━━ DATA PROVIDED

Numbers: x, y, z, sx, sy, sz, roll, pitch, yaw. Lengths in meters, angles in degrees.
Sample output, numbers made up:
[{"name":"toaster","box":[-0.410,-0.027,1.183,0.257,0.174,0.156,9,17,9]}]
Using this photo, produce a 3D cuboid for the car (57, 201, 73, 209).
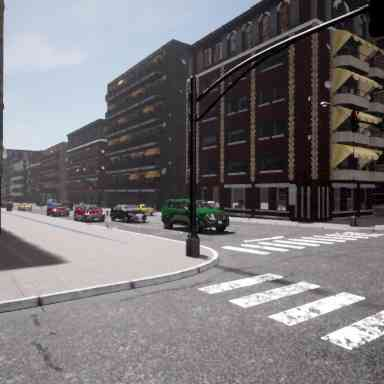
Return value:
[{"name":"car","box":[-25.866,2.595,67.728,1.967,1.590,4.097,-1,0,-36]}]

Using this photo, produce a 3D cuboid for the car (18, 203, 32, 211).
[{"name":"car","box":[-29.215,2.551,58.153,1.752,1.417,4.829,-1,0,-36]}]

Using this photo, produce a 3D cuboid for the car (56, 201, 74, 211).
[{"name":"car","box":[-22.437,2.466,58.614,1.882,1.535,5.008,0,-1,-36]}]

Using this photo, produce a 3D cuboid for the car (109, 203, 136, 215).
[{"name":"car","box":[-9.378,2.253,44.835,1.947,1.339,4.313,-1,0,-36]}]

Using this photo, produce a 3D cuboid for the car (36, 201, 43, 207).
[{"name":"car","box":[-39.051,3.097,86.040,1.947,1.339,4.313,-1,0,-36]}]

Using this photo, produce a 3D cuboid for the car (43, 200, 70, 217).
[{"name":"car","box":[-16.128,2.094,39.978,1.967,1.590,4.097,-1,0,-36]}]

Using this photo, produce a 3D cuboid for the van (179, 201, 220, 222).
[{"name":"van","box":[0.646,1.751,31.200,1.690,1.788,3.998,-1,0,-36]}]

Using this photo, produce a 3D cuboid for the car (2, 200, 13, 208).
[{"name":"car","box":[-42.507,2.719,76.606,2.192,1.841,5.009,-1,0,-36]}]

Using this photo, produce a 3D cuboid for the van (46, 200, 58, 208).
[{"name":"van","box":[-32.463,2.684,76.886,1.690,1.788,3.998,-1,0,-36]}]

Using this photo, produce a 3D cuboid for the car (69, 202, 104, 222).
[{"name":"car","box":[-9.534,1.908,30.821,1.967,1.590,4.097,-1,0,-36]}]

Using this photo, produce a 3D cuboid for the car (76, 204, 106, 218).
[{"name":"car","box":[-11.670,2.162,38.211,1.994,1.385,4.181,0,-1,-36]}]

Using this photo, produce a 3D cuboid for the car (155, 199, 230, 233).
[{"name":"car","box":[0.042,1.490,21.923,2.150,2.045,5.566,0,-1,-36]}]

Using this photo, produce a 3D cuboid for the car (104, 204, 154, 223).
[{"name":"car","box":[-5.823,1.924,30.070,2.128,1.511,4.902,0,-1,-36]}]

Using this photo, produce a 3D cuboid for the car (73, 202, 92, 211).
[{"name":"car","box":[-19.370,2.496,58.709,1.752,1.417,4.829,-1,0,-36]}]

━━━━

An unchanged copy of the data, images excluded, is all that should be given.

Numbers: x, y, z, sx, sy, sz, roll, pitch, yaw. Lengths in meters, angles in degrees.
Sample output, numbers made up:
[{"name":"toaster","box":[-0.410,-0.027,1.183,0.257,0.174,0.156,9,17,9]}]
Using this photo, produce a 3D cuboid for the car (57, 201, 73, 209).
Return value:
[{"name":"car","box":[-25.866,2.595,67.728,1.967,1.590,4.097,-1,0,-36]}]

Using this photo, produce a 3D cuboid for the car (18, 203, 32, 211).
[{"name":"car","box":[-29.215,2.551,58.153,1.752,1.417,4.829,-1,0,-36]}]

Using this photo, produce a 3D cuboid for the car (56, 201, 74, 211).
[{"name":"car","box":[-22.437,2.466,58.614,1.882,1.535,5.008,0,-1,-36]}]

Using this photo, produce a 3D cuboid for the car (109, 203, 136, 215).
[{"name":"car","box":[-9.378,2.253,44.835,1.947,1.339,4.313,-1,0,-36]}]

Using this photo, produce a 3D cuboid for the car (36, 201, 43, 207).
[{"name":"car","box":[-39.051,3.097,86.040,1.947,1.339,4.313,-1,0,-36]}]

Using this photo, produce a 3D cuboid for the car (43, 200, 70, 217).
[{"name":"car","box":[-16.128,2.094,39.978,1.967,1.590,4.097,-1,0,-36]}]

Using this photo, produce a 3D cuboid for the van (179, 201, 220, 222).
[{"name":"van","box":[0.646,1.751,31.200,1.690,1.788,3.998,-1,0,-36]}]

Using this photo, produce a 3D cuboid for the car (2, 200, 13, 208).
[{"name":"car","box":[-42.507,2.719,76.606,2.192,1.841,5.009,-1,0,-36]}]

Using this photo, produce a 3D cuboid for the van (46, 200, 58, 208).
[{"name":"van","box":[-32.463,2.684,76.886,1.690,1.788,3.998,-1,0,-36]}]

Using this photo, produce a 3D cuboid for the car (69, 202, 104, 222).
[{"name":"car","box":[-9.534,1.908,30.821,1.967,1.590,4.097,-1,0,-36]}]

Using this photo, produce a 3D cuboid for the car (76, 204, 106, 218).
[{"name":"car","box":[-11.670,2.162,38.211,1.994,1.385,4.181,0,-1,-36]}]

Using this photo, produce a 3D cuboid for the car (155, 199, 230, 233).
[{"name":"car","box":[0.042,1.490,21.923,2.150,2.045,5.566,0,-1,-36]}]

Using this photo, produce a 3D cuboid for the car (104, 204, 154, 223).
[{"name":"car","box":[-5.823,1.924,30.070,2.128,1.511,4.902,0,-1,-36]}]

Using this photo, produce a 3D cuboid for the car (73, 202, 92, 211).
[{"name":"car","box":[-19.370,2.496,58.709,1.752,1.417,4.829,-1,0,-36]}]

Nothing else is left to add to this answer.